Is it your parents saying you cant drink/play because you'll be kicked out? If so, i can understand their meaning but they've gotta give you some slack. If you're never out and about you cant learn how to be out and about, you know?

Sod the bullies in your class. You're part of an elite group that they'll always be afraid of, yet curious at the same time. If you feel bold you could point it out the next time you answer a 'deep' question. "Y'all think im thick, yet im the only one answering these questions that you just cant understand. What does that tell you?". If you do decide to take this kind of course you should probably prepare some backup comments in case one of the more mouthy gits decided to take you on.
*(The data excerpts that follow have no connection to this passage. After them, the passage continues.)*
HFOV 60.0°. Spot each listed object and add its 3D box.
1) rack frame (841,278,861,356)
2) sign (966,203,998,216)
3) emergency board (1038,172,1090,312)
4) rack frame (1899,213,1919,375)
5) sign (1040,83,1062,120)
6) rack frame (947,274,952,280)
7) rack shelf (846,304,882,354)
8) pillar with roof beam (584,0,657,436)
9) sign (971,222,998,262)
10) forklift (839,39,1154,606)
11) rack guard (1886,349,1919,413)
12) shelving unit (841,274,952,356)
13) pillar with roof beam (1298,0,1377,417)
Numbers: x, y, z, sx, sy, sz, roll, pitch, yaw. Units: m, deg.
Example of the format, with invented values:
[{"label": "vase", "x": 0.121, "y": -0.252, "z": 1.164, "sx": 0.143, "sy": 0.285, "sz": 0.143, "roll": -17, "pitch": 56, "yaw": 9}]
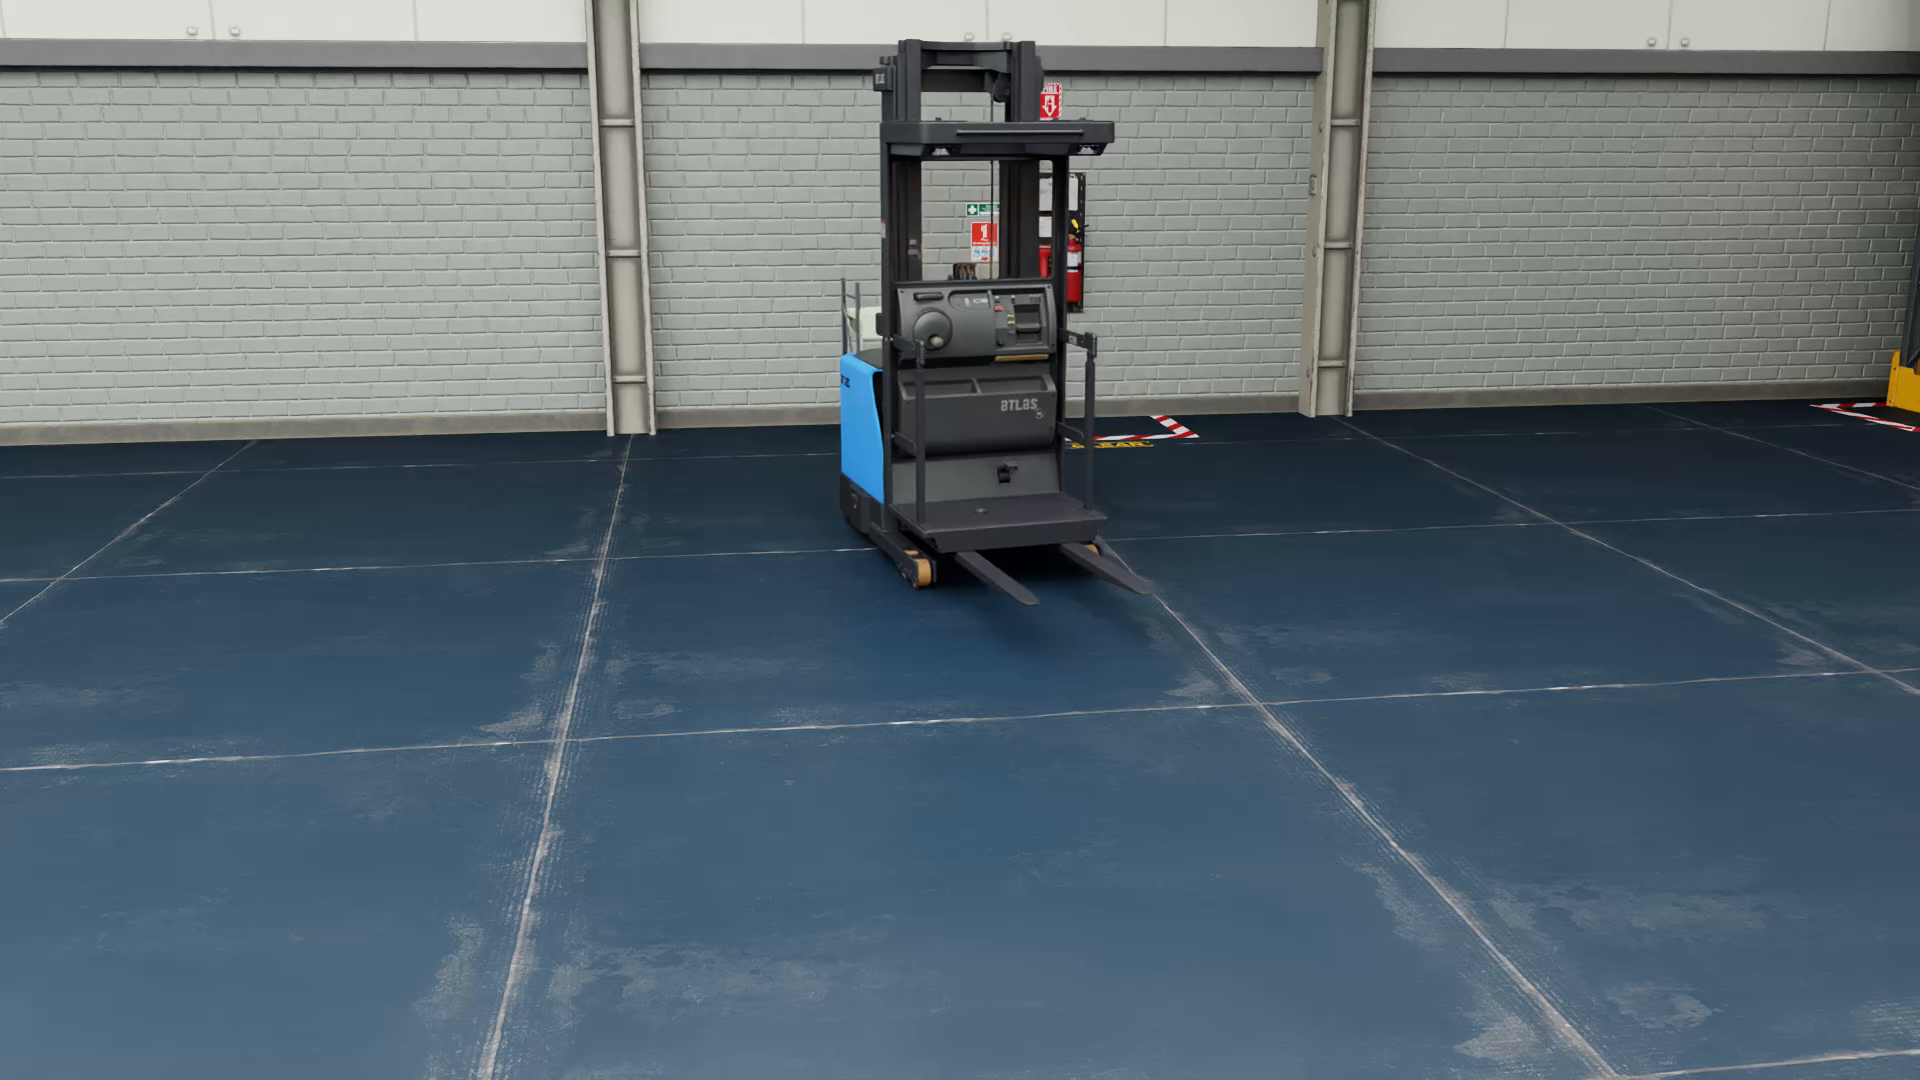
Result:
[{"label": "rack frame", "x": -0.710, "y": -0.954, "z": 10.941, "sx": 0.023, "sy": 1.500, "sz": 0.400, "roll": -5, "pitch": 15, "yaw": -18}, {"label": "sign", "x": 0.211, "y": -2.766, "z": 13.920, "sx": 0.331, "sy": 0.109, "sz": 0.001, "roll": -2, "pitch": 14, "yaw": -8}, {"label": "emergency board", "x": 0.767, "y": -2.488, "z": 13.978, "sx": 0.643, "sy": 1.169, "sz": 0.194, "roll": -2, "pitch": 14, "yaw": -8}, {"label": "rack frame", "x": 8.586, "y": -2.553, "z": 14.235, "sx": 0.127, "sy": 3.000, "sz": 1.000, "roll": -2, "pitch": 14, "yaw": -8}, {"label": "sign", "x": 0.745, "y": -3.637, "z": 13.790, "sx": 0.199, "sy": 0.298, "sz": 0.001, "roll": -2, "pitch": 14, "yaw": -8}, {"label": "rack frame", "x": -0.015, "y": -1.010, "z": 11.165, "sx": 0.023, "sy": 1.500, "sz": 0.400, "roll": -5, "pitch": 15, "yaw": -18}, {"label": "rack shelf", "x": -0.362, "y": -1.360, "z": 10.958, "sx": 0.720, "sy": 0.370, "sz": 0.431, "roll": -5, "pitch": 15, "yaw": -18}, {"label": "pillar with roof beam", "x": -2.075, "y": -4.226, "z": 8.573, "sx": 0.400, "sy": 9.000, "sz": 9.100, "roll": -2, "pitch": 14, "yaw": -8}, {"label": "sign", "x": 0.205, "y": -2.511, "z": 13.993, "sx": 0.234, "sy": 0.329, "sz": 0.001, "roll": -2, "pitch": 14, "yaw": -8}, {"label": "forklift", "x": 0.170, "y": -1.267, "z": 9.250, "sx": 1.130, "sy": 2.935, "sz": 3.031, "roll": -5, "pitch": 15, "yaw": -18}, {"label": "rack guard", "x": 8.662, "y": -1.343, "z": 14.550, "sx": 0.348, "sy": 0.500, "sz": 1.175, "roll": -2, "pitch": 14, "yaw": -8}, {"label": "shelving unit", "x": -0.362, "y": -0.982, "z": 11.053, "sx": 0.755, "sy": 1.500, "sz": 0.431, "roll": -5, "pitch": 15, "yaw": -18}, {"label": "pillar with roof beam", "x": 3.858, "y": -4.443, "z": 9.440, "sx": 0.400, "sy": 9.000, "sz": 9.100, "roll": -2, "pitch": 14, "yaw": -8}]

Yes it is my parents that say Ill be kicked out. A bit of an update about that, we are starting to come to a half way deal about that. My part of the deal is that, I pay for them driving me to the work parties and stuff(I pay more for the gas bill in otherwords) and that I dont get drunk or high or anything. I can be around these things, I just cant get drunk or high or stoned or anything. I can still drink, and I have bought a nonalcoholic margareta mix that Im going to bring to the parties.

As for the group of people, still somewhat the same, with the exception of the new comers. Some of them Ive been hanging out with. I havent been bullied by them so far.
As for the comments I already have talked to some higher up people and they're working with the group to be more open and less condenscending. (So far that is)!.